Pouchkine, l’inspirateur de Tchaïkovski, Kirill Petrenko et Peter Stein pour une trilogie, un festival. Les trois opéras joués en alternance, et des solistes qui chantent dans un, deux, ou les trois spectacles. Véritable performance annoncée, la réalisation est bien au-dessus de ce qu’on imaginait. Trois soirées de plus de 3h30, absolument magiques, sans s’ennuyer une seconde !
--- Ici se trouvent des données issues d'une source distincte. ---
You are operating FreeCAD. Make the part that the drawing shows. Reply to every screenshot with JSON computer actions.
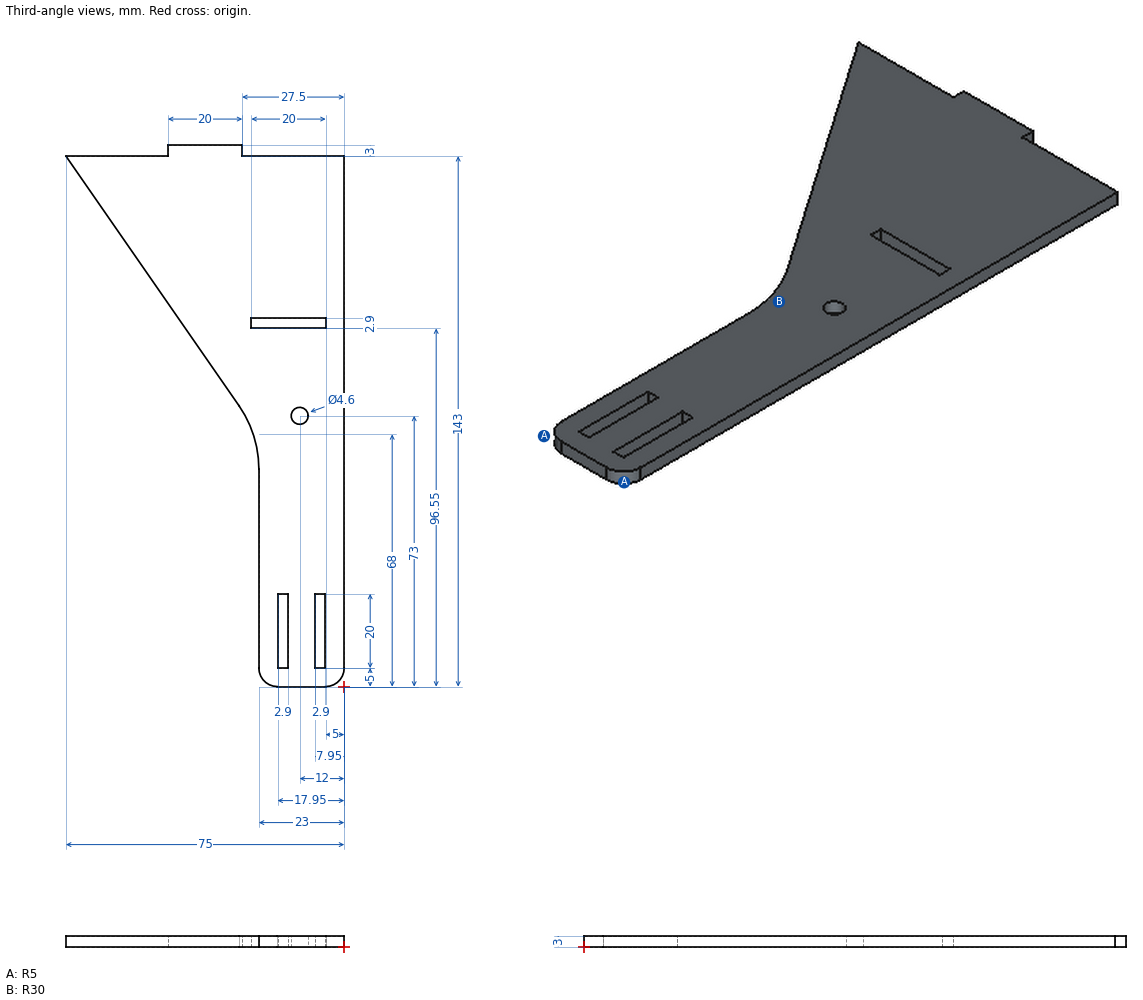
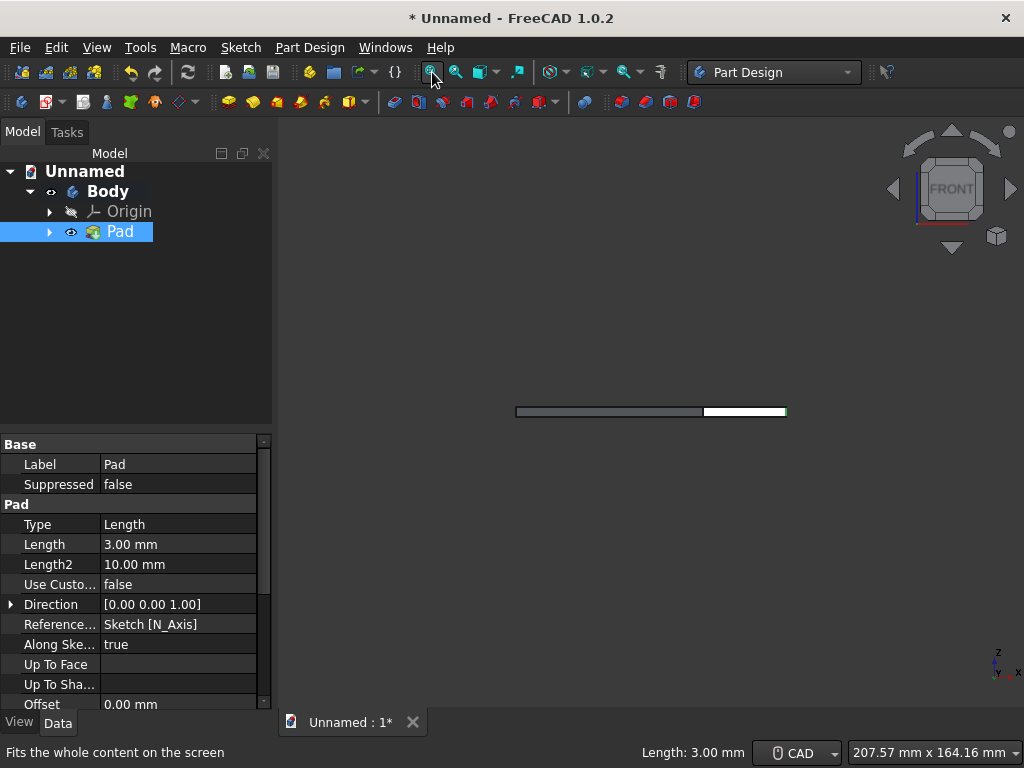
{"action": "left_click", "coordinate": [432, 72]}

Quand on se souvient de la production originale de cette Dame de Pique donnée il y a deux ans, on reste un peu sur sa faim : les décors ayant été brûlés dans un incendie, tout n’a pas pu être reconstitué. Mais, si l’on oublie ce détail, le résultat est quand même très beau. Dès le premier acte, on apprécie la Maîtrise de l’Opéra, qui fait toujours son effet. Les enfants sont vraiment très disciplinés, et leurs interventions sont tout à fait réussies. Il en est de même pour le chœur d’adolescentes qui intervient un peu plus tard dans l’acte, dans la chambre de Lisa. Le jeu des airs accompagnés au piano est très bien réalisé : on pourrait croire que les chanteuses s’accompagnent effectivement elles mêmes. La tsarine (qui arrive à la fin du bal du second acte) n’est matérialisée que par un immense tableau projeté sur le rideau de fond de scène : cela fait partie des décors qui n’ont pas pu être reconstruits à l’identique ; on y perd vraiment de la matière par rapport à la gigantesque statue qui venait originellement trôner sur la scène. La Comtesse est tout à fait effrayante et bien jouée, notamment dans cette scène où elle s’écroule sous la menace d’Hermann. Et toujours au même niveau quand c’est son spectre qui apparaît. La mise en scène est ici aussi largement modifiée : on ne retrouve plus l’immense spectre squelettique si effrayant ; seulement deux comtesses sur scène (l’une pour représenter la vision, l’autre pour le spectre réel), et Hermann perdu entre les deux, ne sachant pas bien laquelle est la réelle en écoutant le discours.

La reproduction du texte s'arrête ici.